-- Source records follows --

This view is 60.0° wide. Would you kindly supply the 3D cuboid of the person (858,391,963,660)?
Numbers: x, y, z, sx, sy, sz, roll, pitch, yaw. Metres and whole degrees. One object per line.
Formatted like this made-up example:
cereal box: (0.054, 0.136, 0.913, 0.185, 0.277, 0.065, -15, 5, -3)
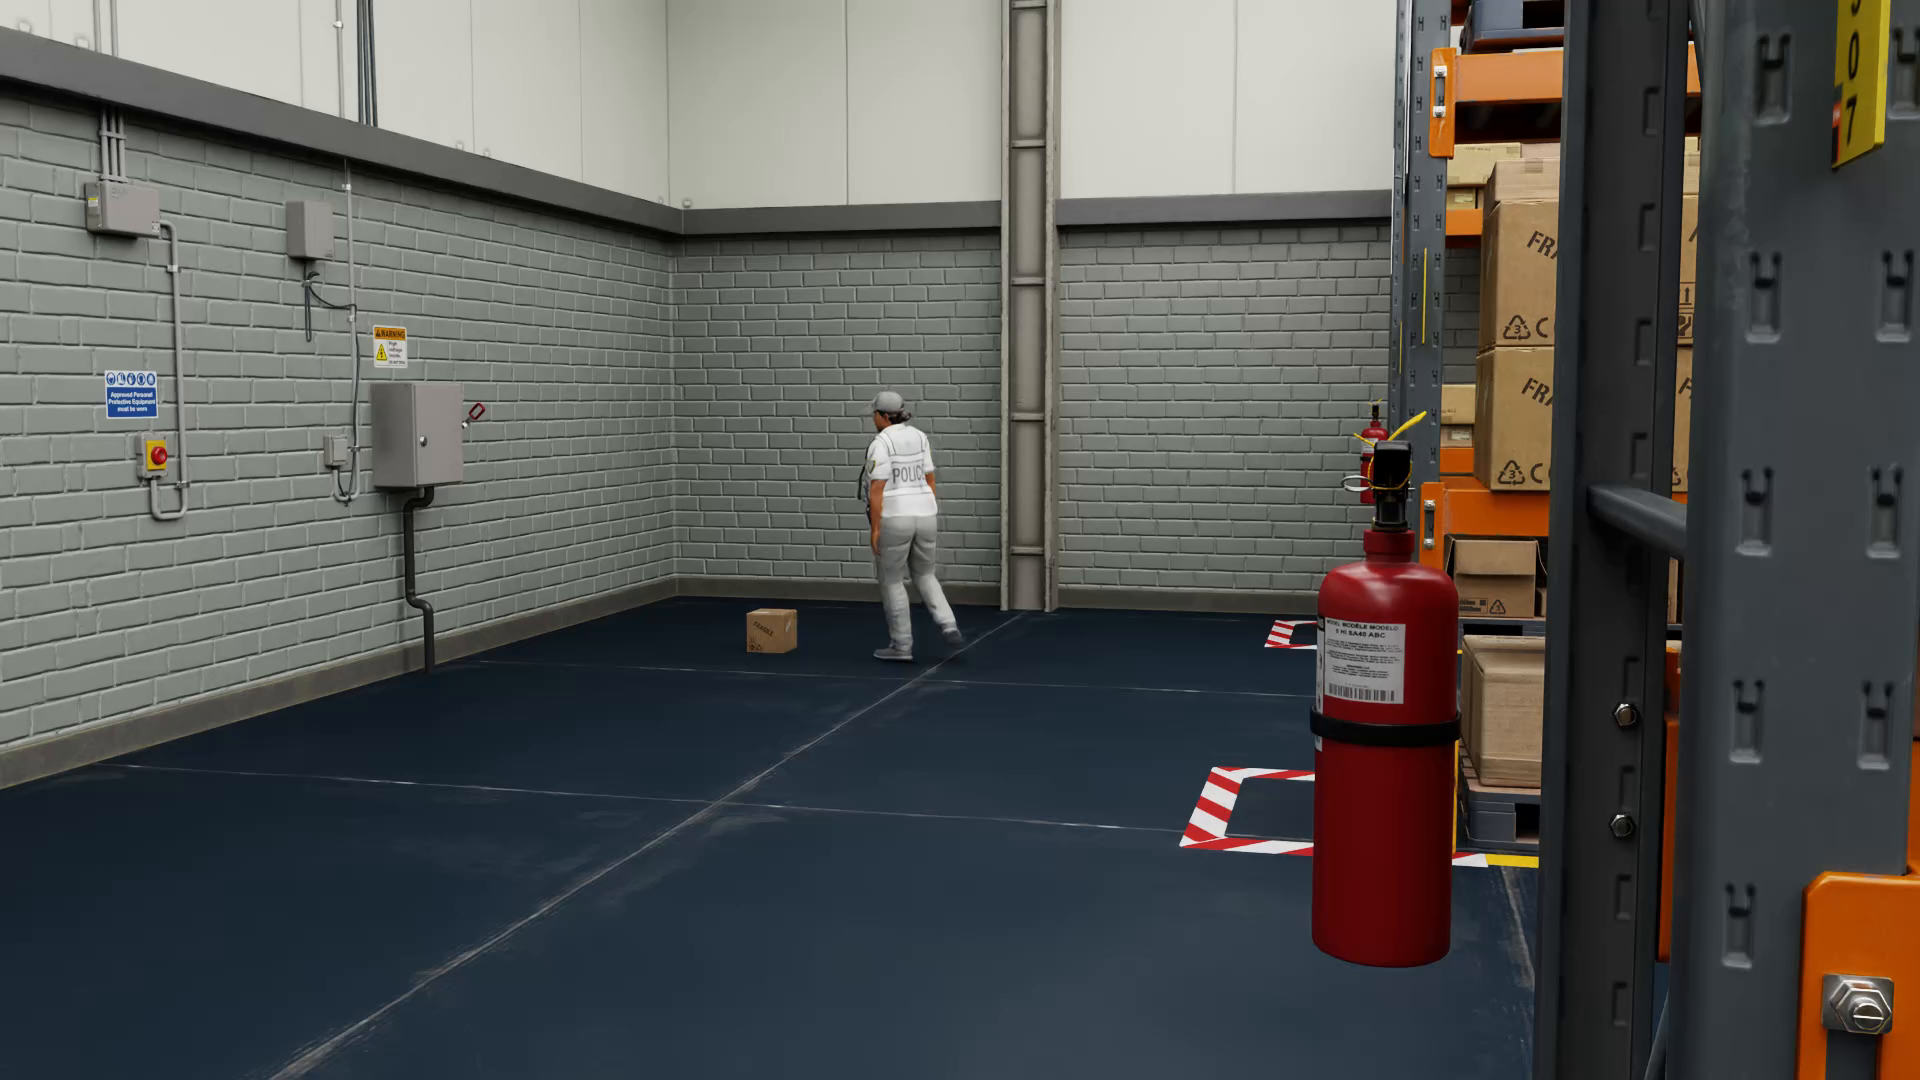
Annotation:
person: (-0.298, -0.083, 10.198, 0.553, 1.661, 0.594, -4, 7, -41)
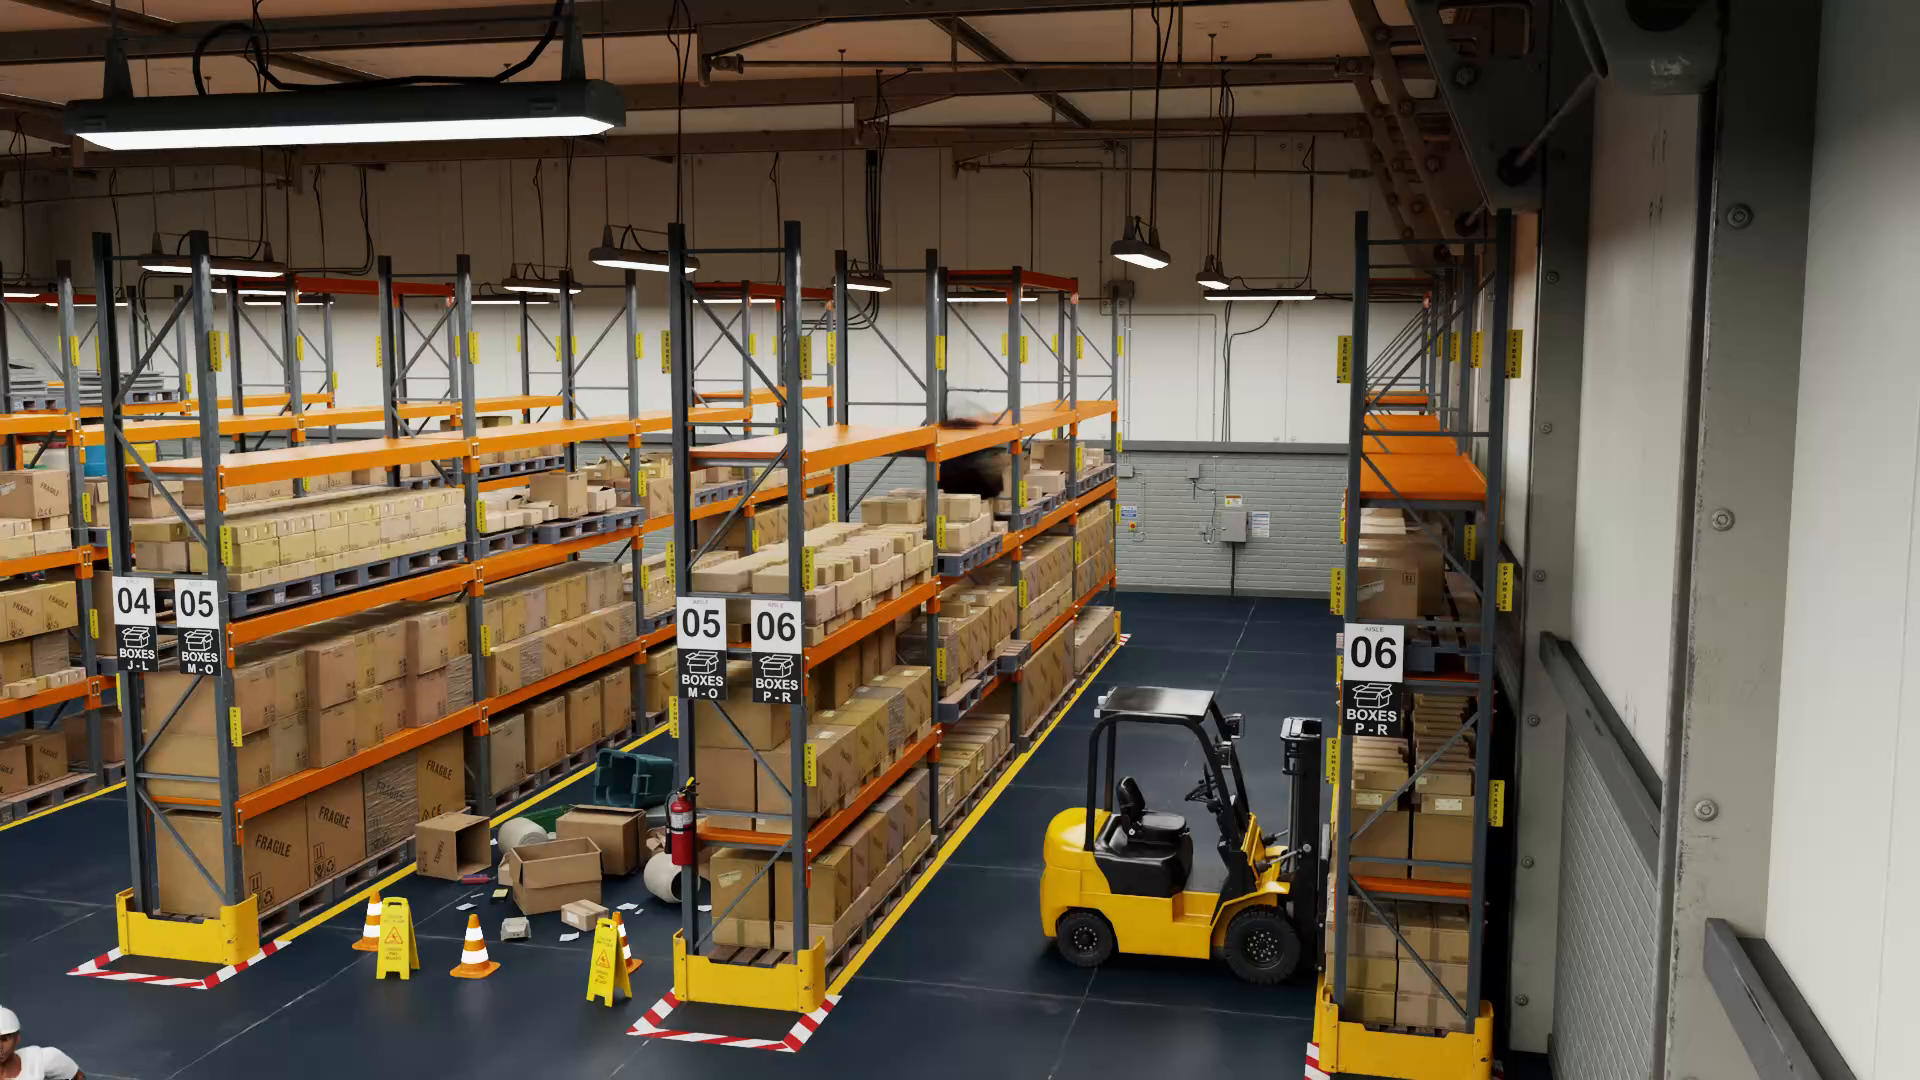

-- Source records concluded --

- [Instructions to follow]:
Begin the copy at the line containing "Formatted like this" and end it at the final line of the material above, reproducing each line exactly and omitting pictures.

- [Solution for this problem]:
Formatted like this made-up example:
cereal box: (0.054, 0.136, 0.913, 0.185, 0.277, 0.065, -15, 5, -3)
Annotation:
person: (-0.298, -0.083, 10.198, 0.553, 1.661, 0.594, -4, 7, -41)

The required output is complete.